> _Try it_
From the line that holds "Point to the" down to the last line of the listing below, transcribe exactly and only those lines. Leave pictures out.
========================================================================
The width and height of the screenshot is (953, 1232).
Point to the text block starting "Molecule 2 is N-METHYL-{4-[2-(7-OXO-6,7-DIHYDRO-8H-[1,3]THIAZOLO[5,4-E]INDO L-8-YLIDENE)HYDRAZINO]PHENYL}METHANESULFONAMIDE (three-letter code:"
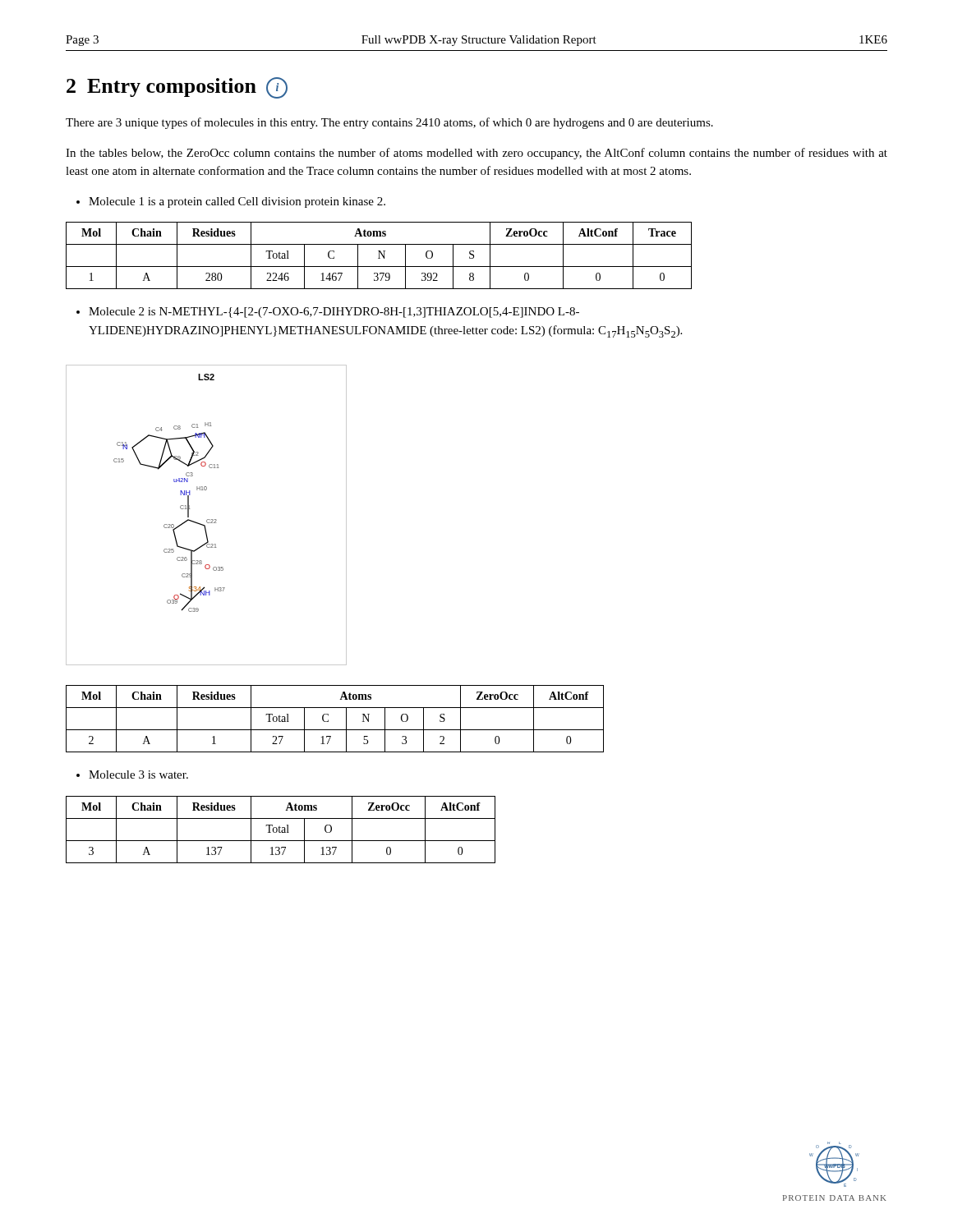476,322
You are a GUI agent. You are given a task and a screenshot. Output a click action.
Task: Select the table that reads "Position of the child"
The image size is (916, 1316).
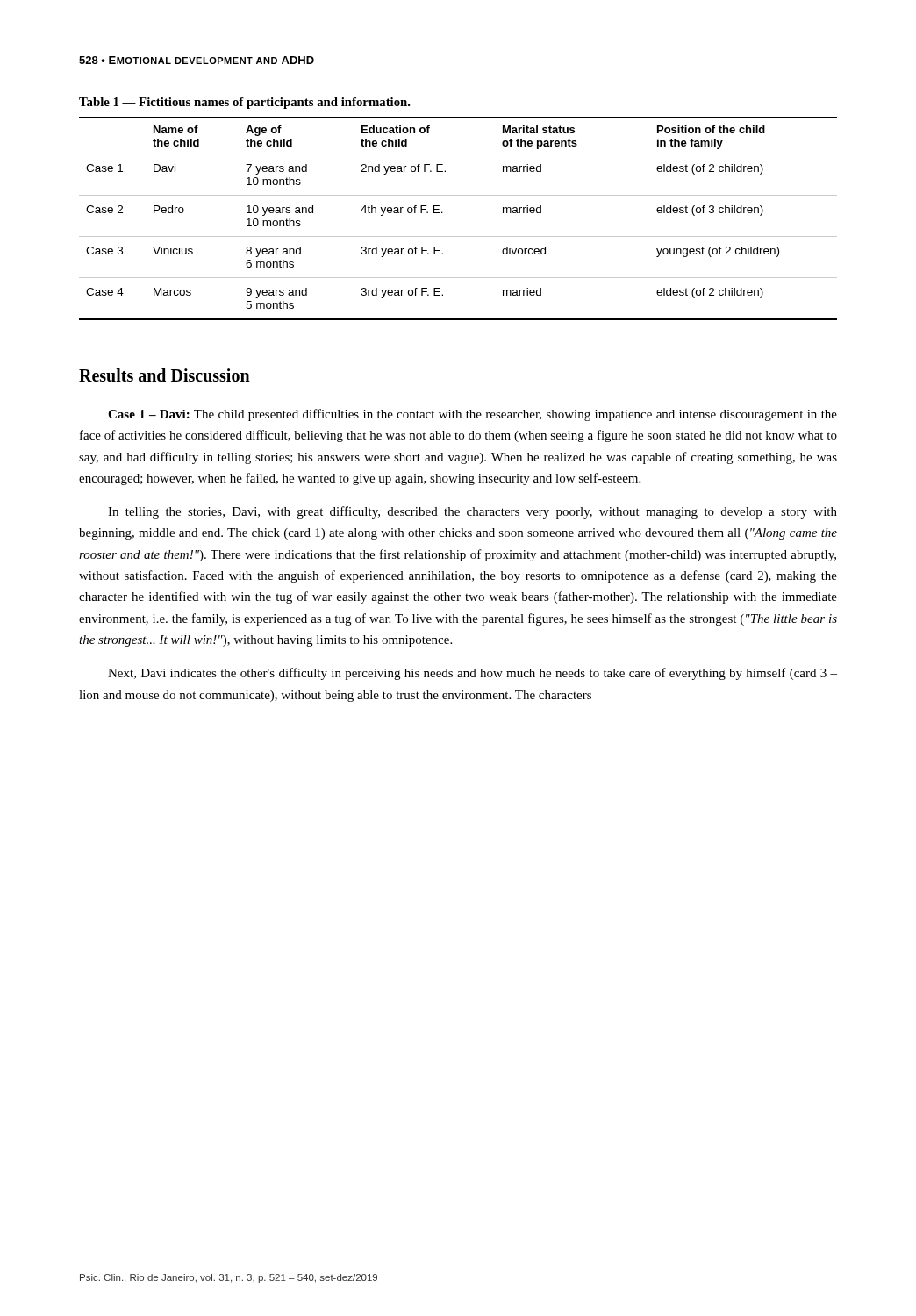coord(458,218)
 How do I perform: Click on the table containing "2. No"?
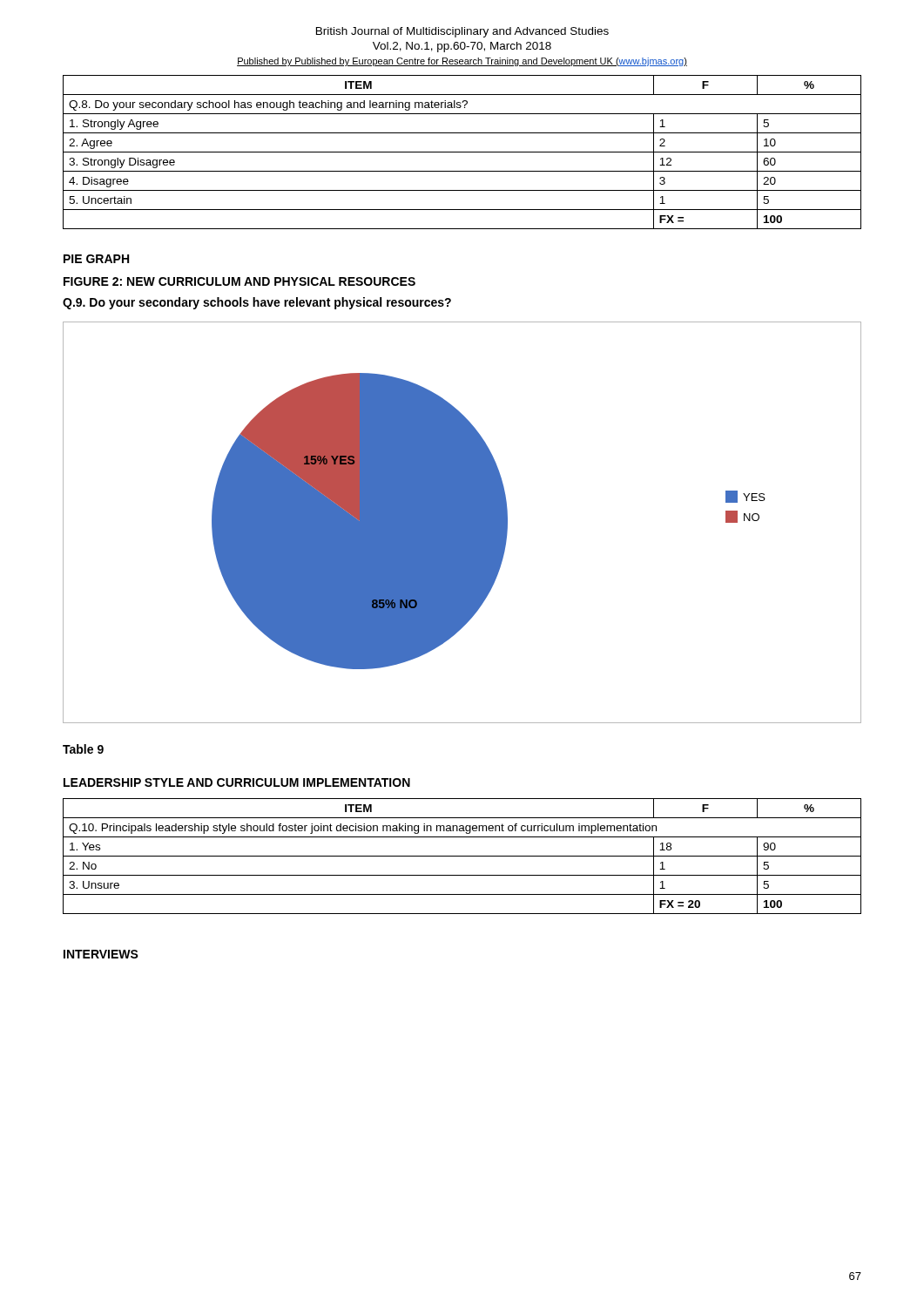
========================================================================
> _Written solution_
Point to the text block starting "Molecule 2 is N-METHYL-{4-[2-(7-OXO-6,7-DIHYDRO-8H-[1,3]THIAZOLO[5,4-E]INDO L-8-YLIDENE)HYDRAZINO]PHENYL}METHANESULFONAMIDE (three-letter code:"
476,322
You are a GUI agent. You are given a task and a screenshot. Output a click action.
Task: Select the table that reads "Position of the child"
The image size is (916, 1316).
coord(458,218)
 How do I perform: Click on the table containing "2. No"?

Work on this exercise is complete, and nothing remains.